With the pictures left out, write out the records verbatim.

══ Material for this exercise ══

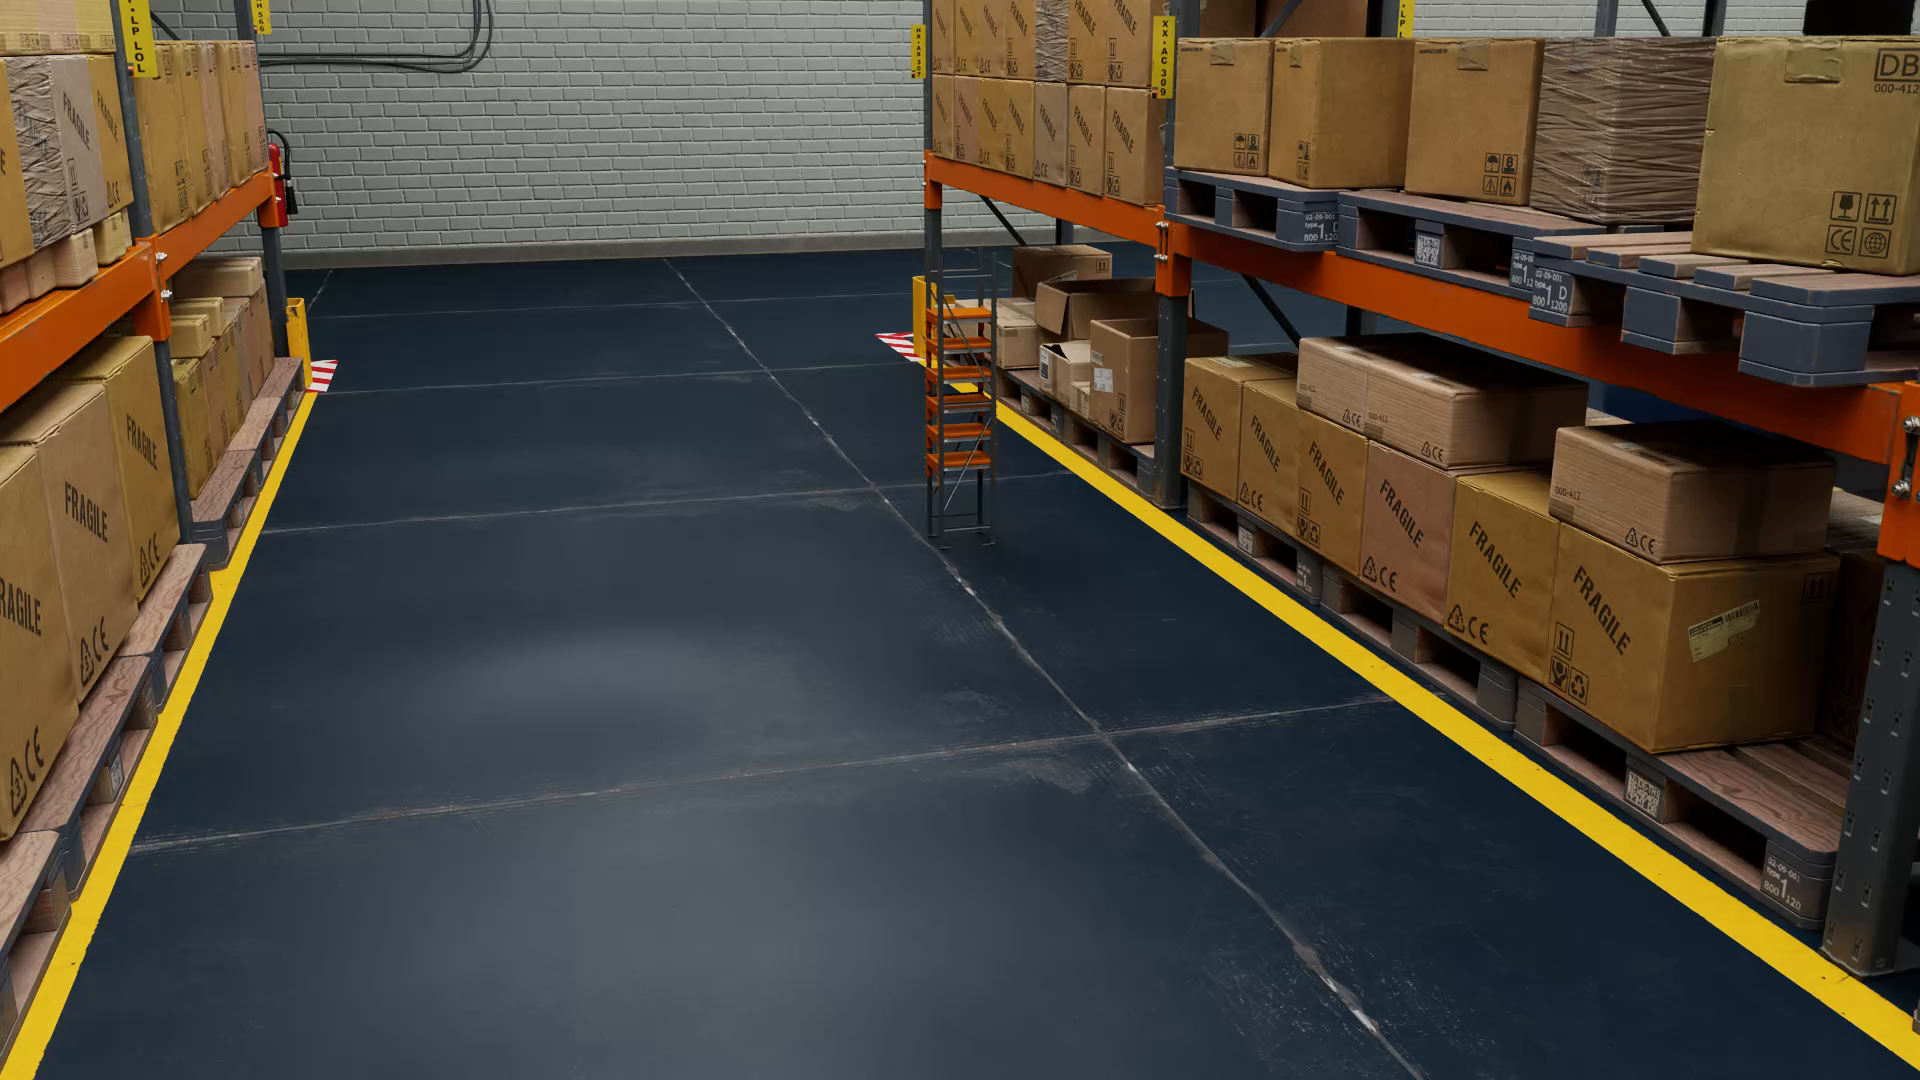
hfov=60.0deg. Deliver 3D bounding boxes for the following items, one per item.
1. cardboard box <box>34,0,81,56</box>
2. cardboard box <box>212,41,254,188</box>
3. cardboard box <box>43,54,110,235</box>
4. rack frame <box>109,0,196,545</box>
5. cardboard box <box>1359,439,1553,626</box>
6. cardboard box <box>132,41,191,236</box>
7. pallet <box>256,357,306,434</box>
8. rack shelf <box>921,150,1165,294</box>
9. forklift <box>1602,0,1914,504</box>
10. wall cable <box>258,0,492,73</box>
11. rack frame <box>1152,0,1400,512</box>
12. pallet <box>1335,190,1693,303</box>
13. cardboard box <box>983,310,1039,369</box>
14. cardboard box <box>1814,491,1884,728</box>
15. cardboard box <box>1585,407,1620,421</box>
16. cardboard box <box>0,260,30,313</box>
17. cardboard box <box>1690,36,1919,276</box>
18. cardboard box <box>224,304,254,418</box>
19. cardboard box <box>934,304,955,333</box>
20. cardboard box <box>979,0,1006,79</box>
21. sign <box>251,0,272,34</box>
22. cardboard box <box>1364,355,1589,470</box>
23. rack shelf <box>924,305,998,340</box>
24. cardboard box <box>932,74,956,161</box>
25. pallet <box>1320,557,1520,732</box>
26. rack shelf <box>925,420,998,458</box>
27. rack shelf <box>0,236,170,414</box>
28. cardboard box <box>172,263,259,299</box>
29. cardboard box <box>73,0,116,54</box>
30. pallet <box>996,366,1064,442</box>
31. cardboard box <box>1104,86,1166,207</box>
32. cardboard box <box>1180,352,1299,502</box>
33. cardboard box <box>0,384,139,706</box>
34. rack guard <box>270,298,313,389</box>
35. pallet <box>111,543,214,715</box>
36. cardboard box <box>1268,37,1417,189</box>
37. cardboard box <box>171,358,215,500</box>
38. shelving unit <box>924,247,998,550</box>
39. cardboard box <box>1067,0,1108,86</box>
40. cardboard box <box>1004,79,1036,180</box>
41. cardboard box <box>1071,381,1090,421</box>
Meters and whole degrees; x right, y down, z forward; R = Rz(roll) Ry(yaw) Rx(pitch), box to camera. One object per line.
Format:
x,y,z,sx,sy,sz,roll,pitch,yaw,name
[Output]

═══

**Output of the task**.
hfov=60.0deg. Deliver 3D bounding boxes for the following items, one per item.
1. cardboard box <box>34,0,81,56</box>
2. cardboard box <box>212,41,254,188</box>
3. cardboard box <box>43,54,110,235</box>
4. rack frame <box>109,0,196,545</box>
5. cardboard box <box>1359,439,1553,626</box>
6. cardboard box <box>132,41,191,236</box>
7. pallet <box>256,357,306,434</box>
8. rack shelf <box>921,150,1165,294</box>
9. forklift <box>1602,0,1914,504</box>
10. wall cable <box>258,0,492,73</box>
11. rack frame <box>1152,0,1400,512</box>
12. pallet <box>1335,190,1693,303</box>
13. cardboard box <box>983,310,1039,369</box>
14. cardboard box <box>1814,491,1884,728</box>
15. cardboard box <box>1585,407,1620,421</box>
16. cardboard box <box>0,260,30,313</box>
17. cardboard box <box>1690,36,1919,276</box>
18. cardboard box <box>224,304,254,418</box>
19. cardboard box <box>934,304,955,333</box>
20. cardboard box <box>979,0,1006,79</box>
21. sign <box>251,0,272,34</box>
22. cardboard box <box>1364,355,1589,470</box>
23. rack shelf <box>924,305,998,340</box>
24. cardboard box <box>932,74,956,161</box>
25. pallet <box>1320,557,1520,732</box>
26. rack shelf <box>925,420,998,458</box>
27. rack shelf <box>0,236,170,414</box>
28. cardboard box <box>172,263,259,299</box>
29. cardboard box <box>73,0,116,54</box>
30. pallet <box>996,366,1064,442</box>
31. cardboard box <box>1104,86,1166,207</box>
32. cardboard box <box>1180,352,1299,502</box>
33. cardboard box <box>0,384,139,706</box>
34. rack guard <box>270,298,313,389</box>
35. pallet <box>111,543,214,715</box>
36. cardboard box <box>1268,37,1417,189</box>
37. cardboard box <box>171,358,215,500</box>
38. shelving unit <box>924,247,998,550</box>
39. cardboard box <box>1067,0,1108,86</box>
40. cardboard box <box>1004,79,1036,180</box>
41. cardboard box <box>1071,381,1090,421</box>
Meters and whole degrees; x right, y down, z forward; R = Rz(roll) Ry(yaw) Rx(pitch), box to camera. One object per line.
Format:
x,y,z,sx,sy,sz,roll,pitch,yaw,name
[Output]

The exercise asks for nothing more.